#### How to complete this task:
Everything in the data that follows should be given again verbatim, except the images.

-*-

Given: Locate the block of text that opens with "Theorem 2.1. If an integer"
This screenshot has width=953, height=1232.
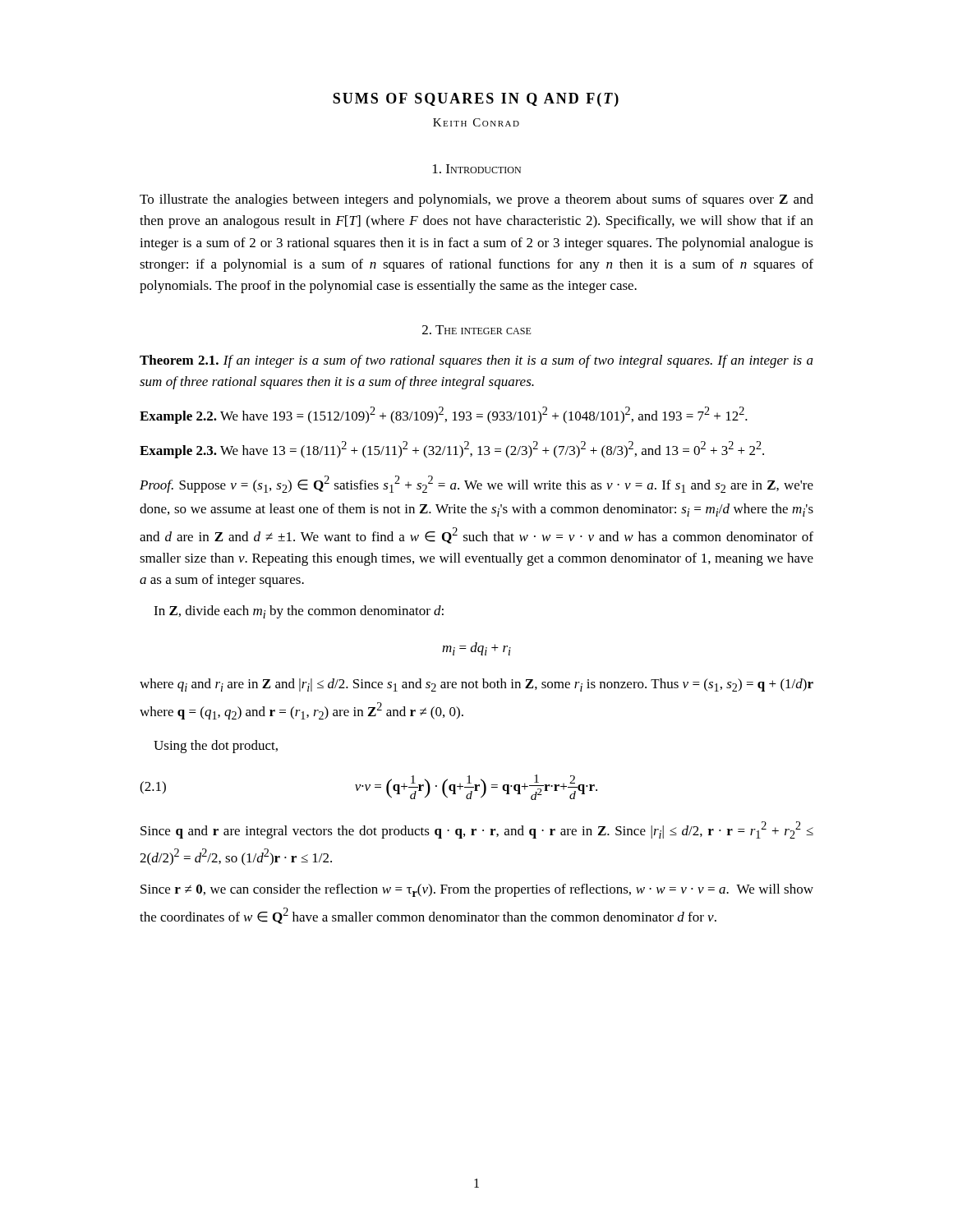Looking at the screenshot, I should point(476,371).

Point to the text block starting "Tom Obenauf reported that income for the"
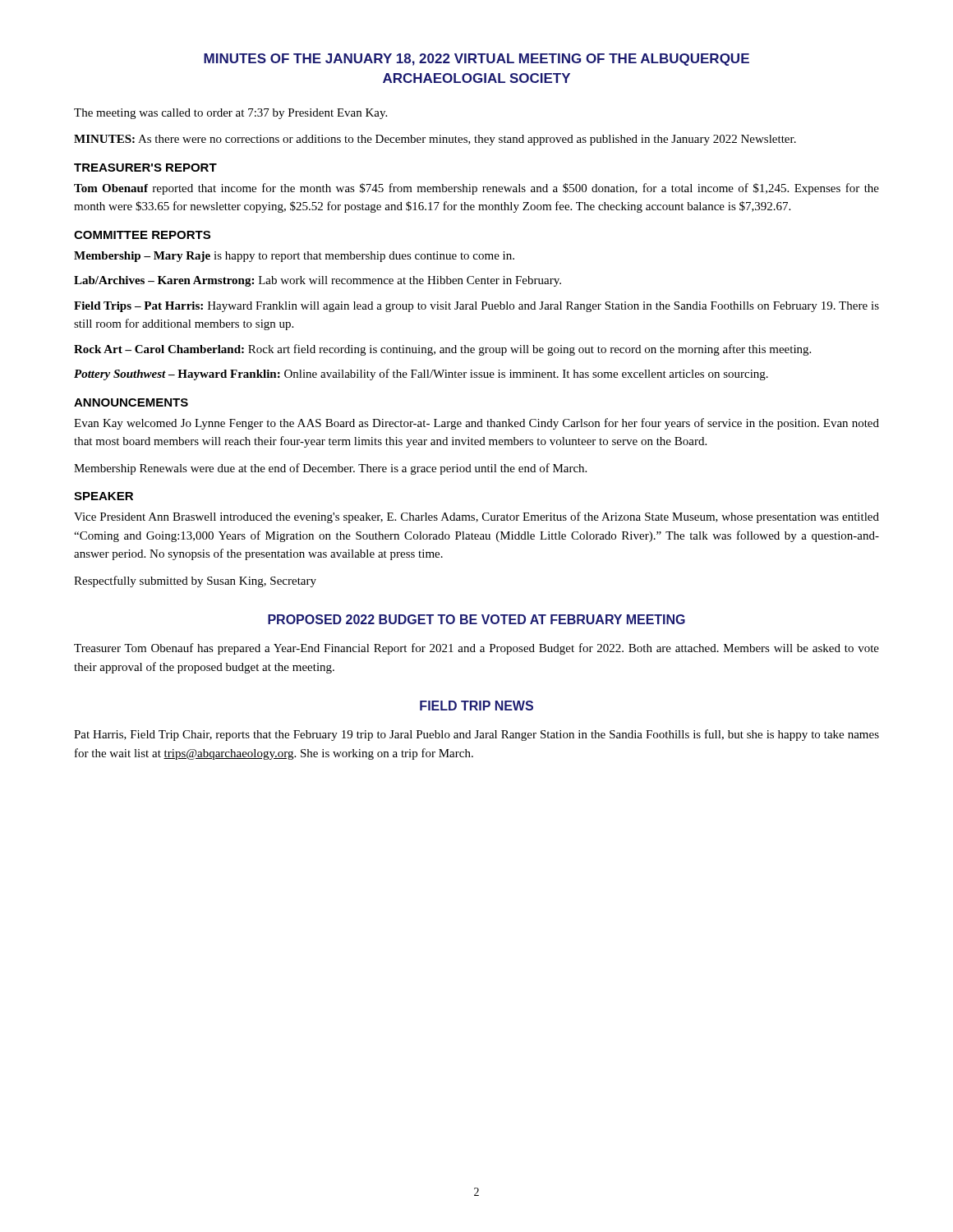pos(476,197)
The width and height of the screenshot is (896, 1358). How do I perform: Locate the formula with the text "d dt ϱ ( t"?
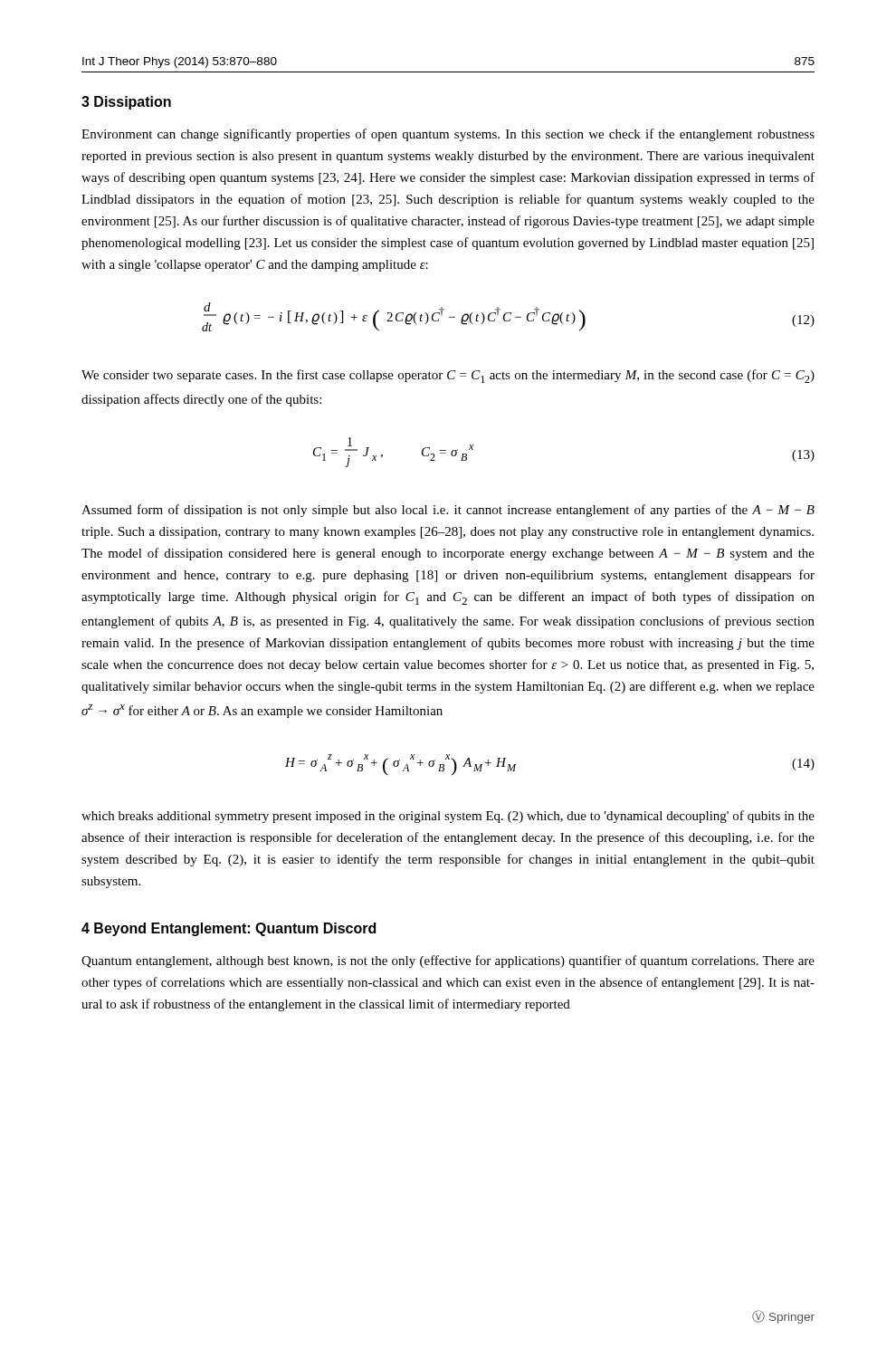[505, 318]

-*-

#### Response for this exercise:
Given: Locate the block of text that opens with "Theorem 2.1. If an integer"
This screenshot has width=953, height=1232.
Looking at the screenshot, I should point(476,371).

Point to the text block starting "Tom Obenauf reported that income for the"
pos(476,197)
The width and height of the screenshot is (896, 1358). How do I perform: Locate the formula with the text "d dt ϱ ( t"?
[505, 318]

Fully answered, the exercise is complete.